Can you transcribe the data exactly? Leave the pictures out.

* [Given information]
________________________________________

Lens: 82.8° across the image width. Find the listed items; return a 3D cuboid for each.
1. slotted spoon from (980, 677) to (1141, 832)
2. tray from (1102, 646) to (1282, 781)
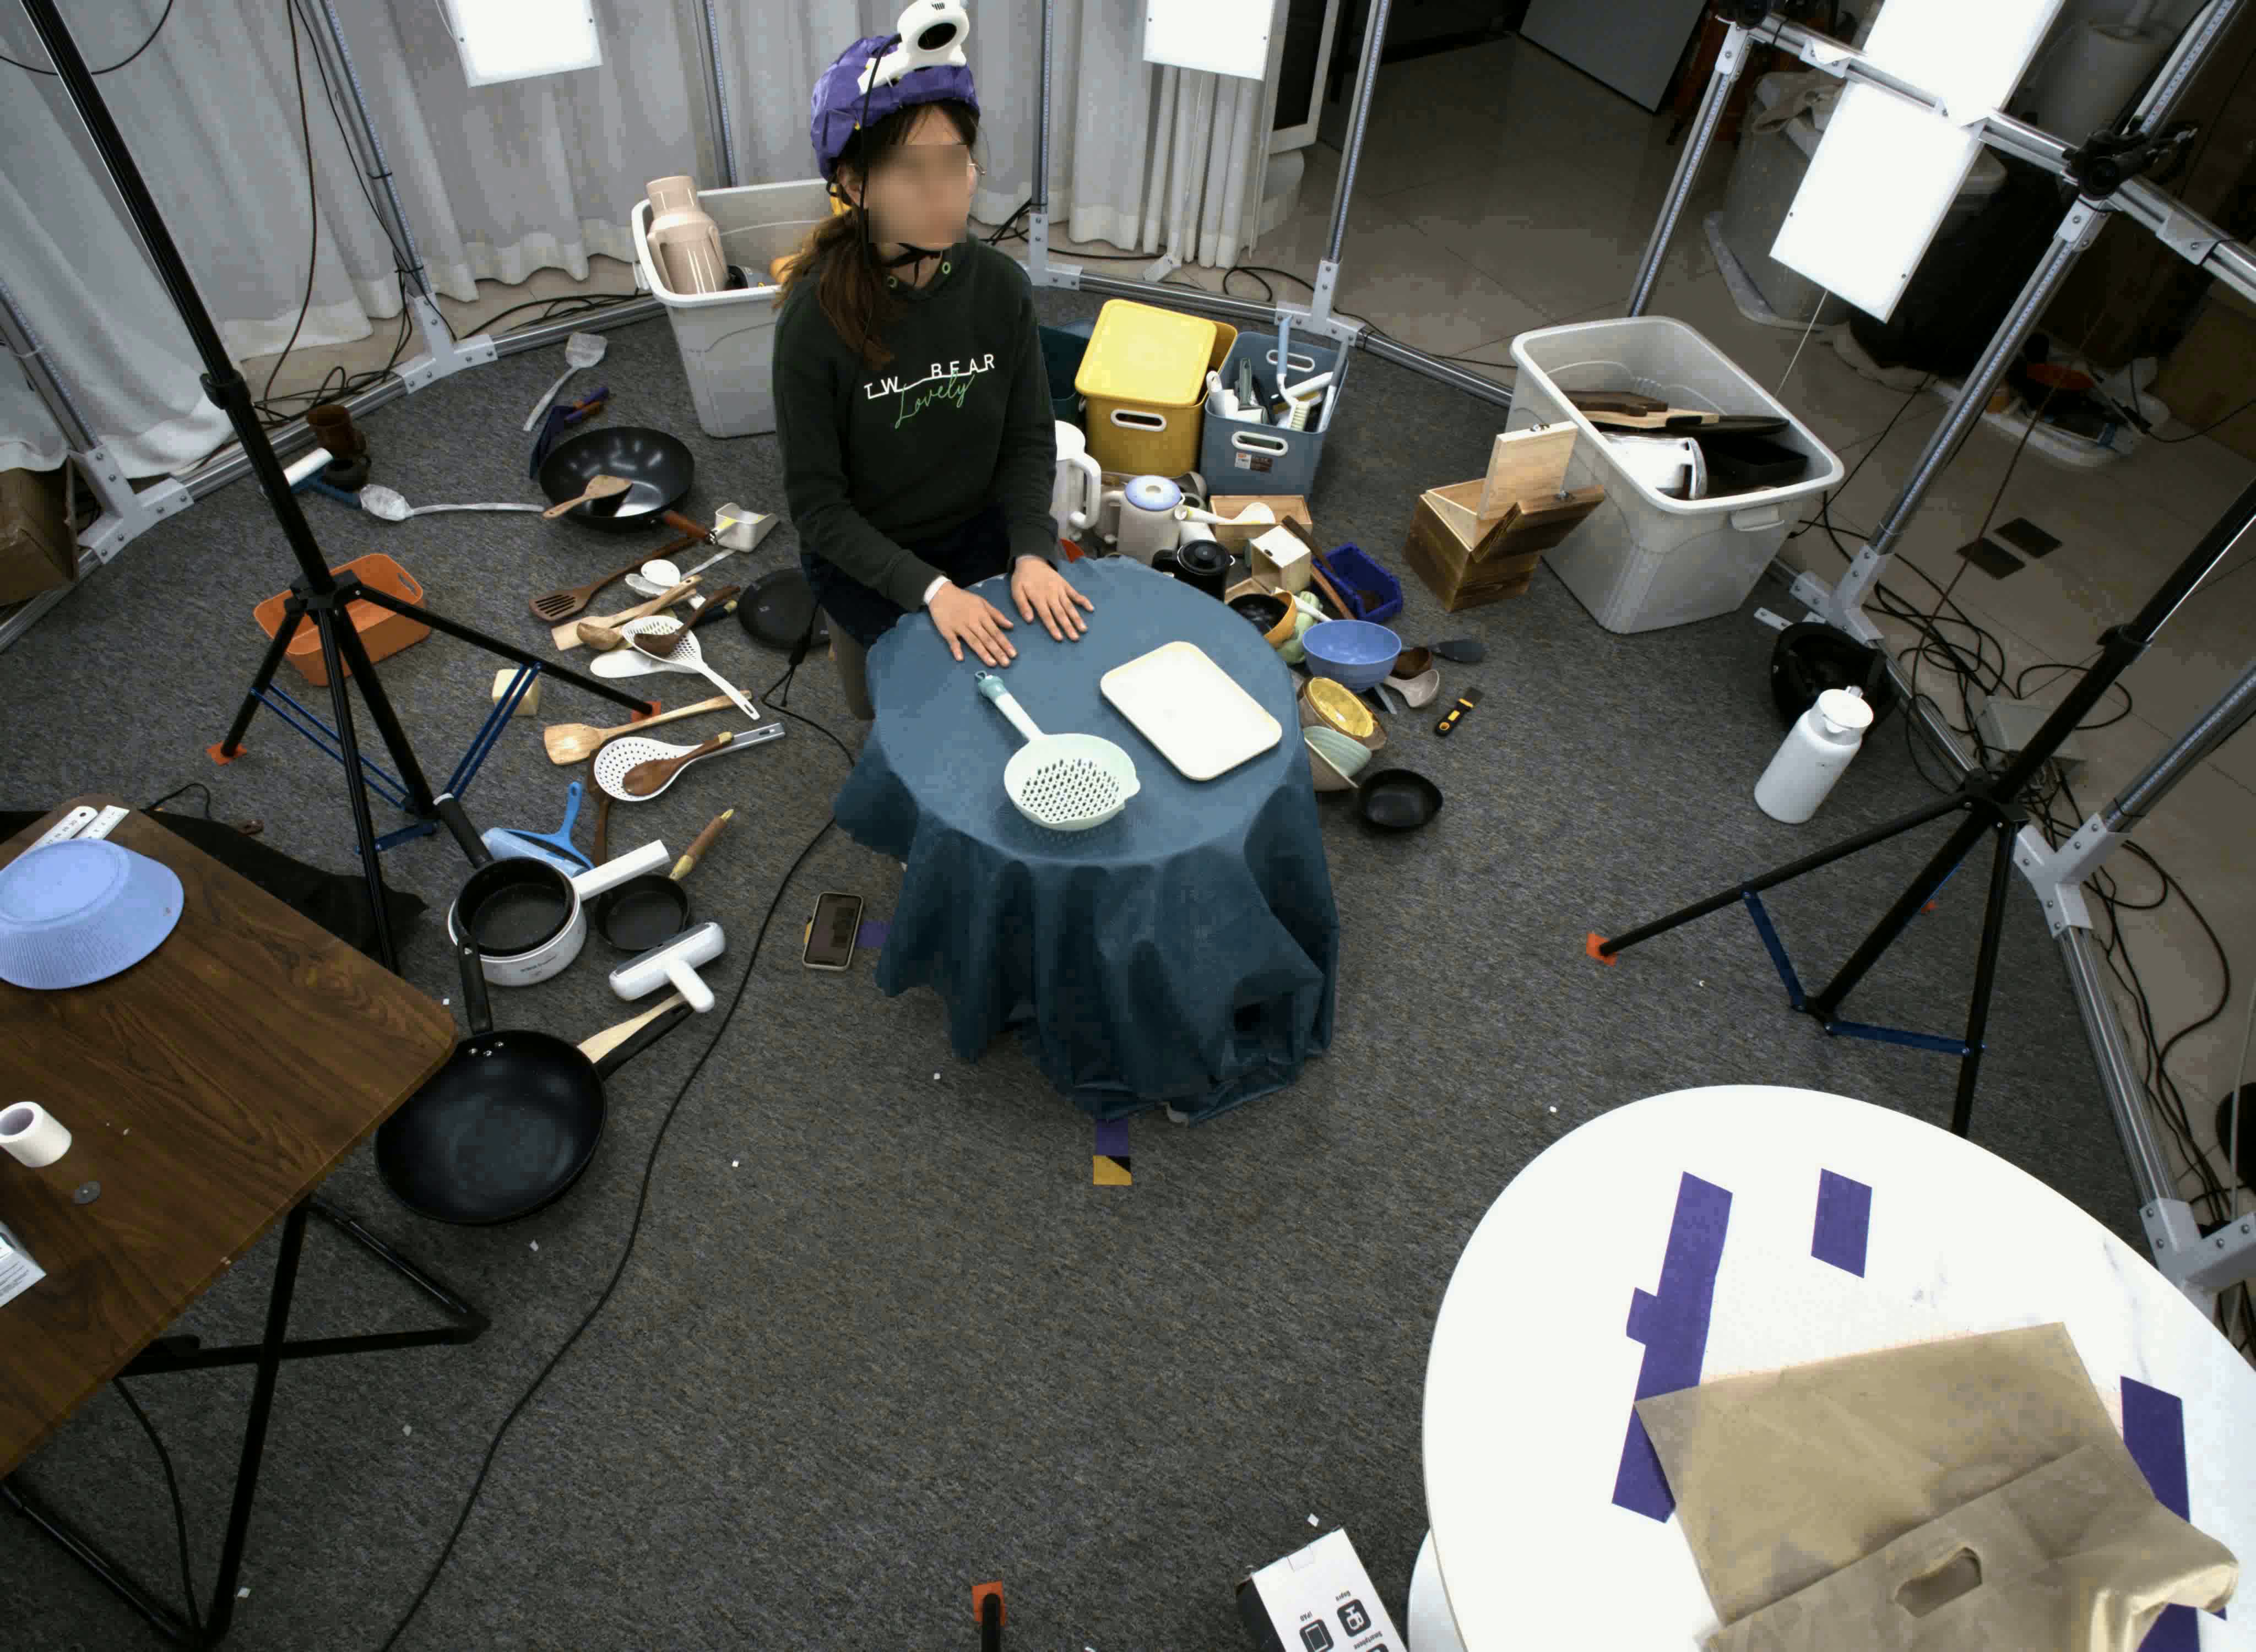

________________________________________

* [Output]
Lens: 82.8° across the image width. Find the listed items; return a 3D cuboid for each.
1. slotted spoon from (980, 677) to (1141, 832)
2. tray from (1102, 646) to (1282, 781)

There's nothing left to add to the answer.